# Weekend Service On The Montclair-Booton Line



## Viewliner (Jun 28, 2005)

I was bored just now, so I was searching a few things on the Google news site and found an interesting article on NJT planning on adding weekend service on the Montclair-Booton Line in fall 2008...definitely a step in the right direction, now if only we could get the remaining lines into daily service that currently aren't... 

Anyway, Click Here for the article



> NJ Transit chief says weekend rail service could start in 2008: Re-established train service, new whistle regulations addressed in local meetingFriday, June 24, 2005
> 
> By PAUL BRUBAKER
> 
> ...


----------



## Superliner Diner (Jun 28, 2005)

> In a meeting he held with Montclair’s Public Transportation Committee on Wednesday, May 25, Warrington said ongoing platform and track work at Newark’s Broad Street station must be completed before weekend service can be launched, according to a release issued by committee Chairman Donald Zief.

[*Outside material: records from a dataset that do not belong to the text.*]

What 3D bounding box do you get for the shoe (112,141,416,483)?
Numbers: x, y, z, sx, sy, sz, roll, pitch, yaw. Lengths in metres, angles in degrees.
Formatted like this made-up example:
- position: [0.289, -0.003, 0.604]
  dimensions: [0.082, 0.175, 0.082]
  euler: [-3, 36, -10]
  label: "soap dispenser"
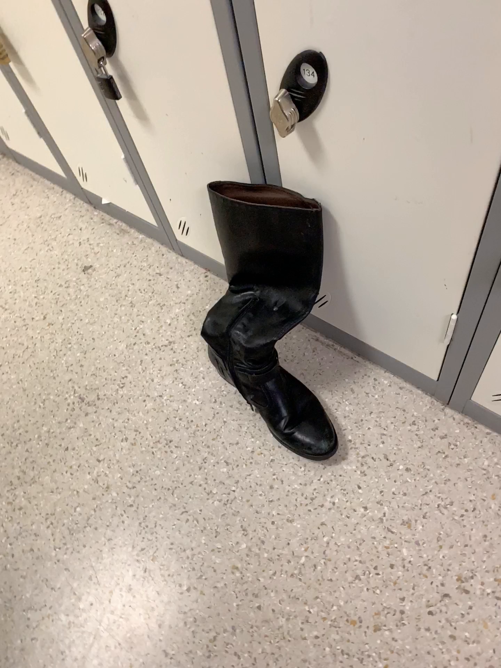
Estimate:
- position: [0.024, -0.019, 0.695]
  dimensions: [0.168, 0.331, 0.315]
  euler: [-40, 58, -16]
  label: "shoe"
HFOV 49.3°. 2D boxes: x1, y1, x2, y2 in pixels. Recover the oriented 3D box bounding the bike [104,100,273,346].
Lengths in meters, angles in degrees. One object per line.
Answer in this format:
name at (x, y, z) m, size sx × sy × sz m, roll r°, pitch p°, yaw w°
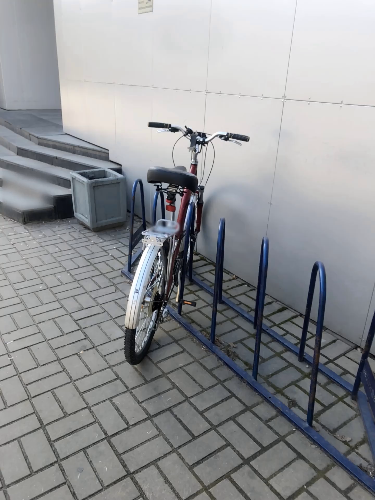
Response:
bike at (0.093, -0.291, 2.483) m, size 0.596 × 0.973 × 1.311 m, roll 8°, pitch 26°, yaw 13°
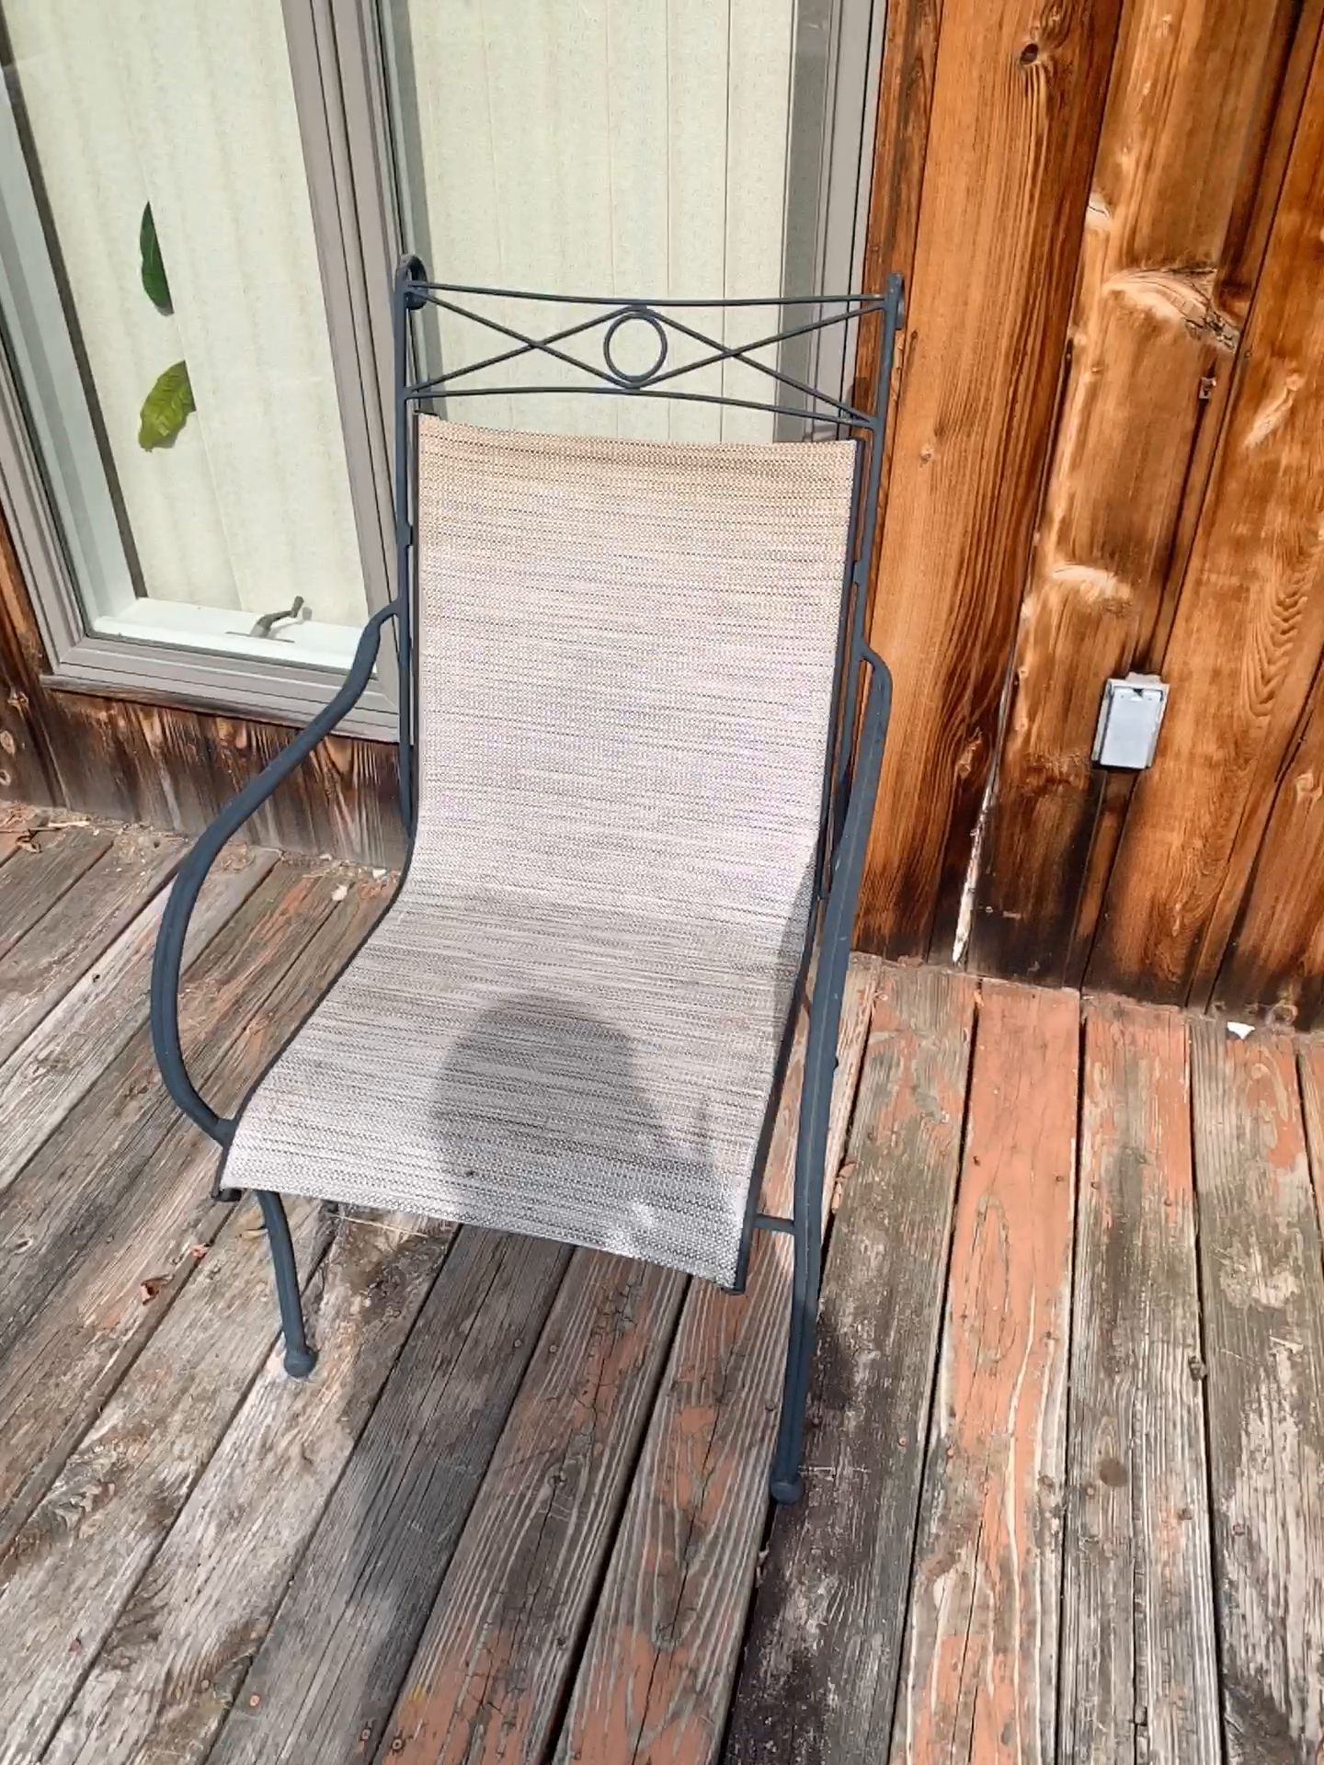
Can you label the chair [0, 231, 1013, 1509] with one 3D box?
[{"bbox_3d":[-0.057,-0.026,1.289,0.610,0.945,0.653,8,37,11],"label":"chair"}]

That quote comes from George Warrington, the same guy who insisted he had Amtrak on the glidepath to self-sufficiency.  It makes no sense at all. Why does trackwork at Newark Broad Street station need to be completed before Montclair-Boonton weekend service can start, when ( a ) there is a lot more weekday service that the station is already handling, and ( b ) the station is already used on weekends by Morristown Line and Gladstone Branch trains. Granted, improvements are sorely needed at Broad Street Newark, but there is no reason to put off weekend service on the Montclair Branch until it is complete.

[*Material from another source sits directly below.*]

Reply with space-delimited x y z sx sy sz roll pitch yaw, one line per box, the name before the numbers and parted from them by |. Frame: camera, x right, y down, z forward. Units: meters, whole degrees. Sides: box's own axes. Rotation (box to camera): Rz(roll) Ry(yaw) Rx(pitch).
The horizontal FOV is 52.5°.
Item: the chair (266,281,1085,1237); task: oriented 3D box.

NJ TRANSIT has not been too lucky with predicting opening dates, so it is a shock that they would put their money on the line and announce an autumn 2008 opening date for Montclair-Boonton Line weekend service.

I also fail to understand how the issue of train horns has anything to do with weekend service. Aren't train horns used on weekdays? Do weekend trains do more damage than weekday trains to cars that don't stop at grade crossings? 

Montclair is full of NIMBY's and an interesting breed of them who want their service to Manhattan on the weekdays, but they don't want trains running on weekends full of leisure travelers. That is just plain selfish.



> now if only we could get the remaining lines into daily service that currently aren't...


The only line left after Montclair-Boonton gets weekend service would be the Pascack Valley Line. We know that controversy has reigned there for a while about the location and number of passing sidings to be installed to allow for bidirectional service on this line. This line will first see reverse peak service on weekdays, and then weekend service can be implimented as well.

I also think it would be more effective if Pascack Valley service is continued west beyond Spring Valley to Suffern so it can share the NJT yard there that is used by the Main and Bergen County Lines.


----------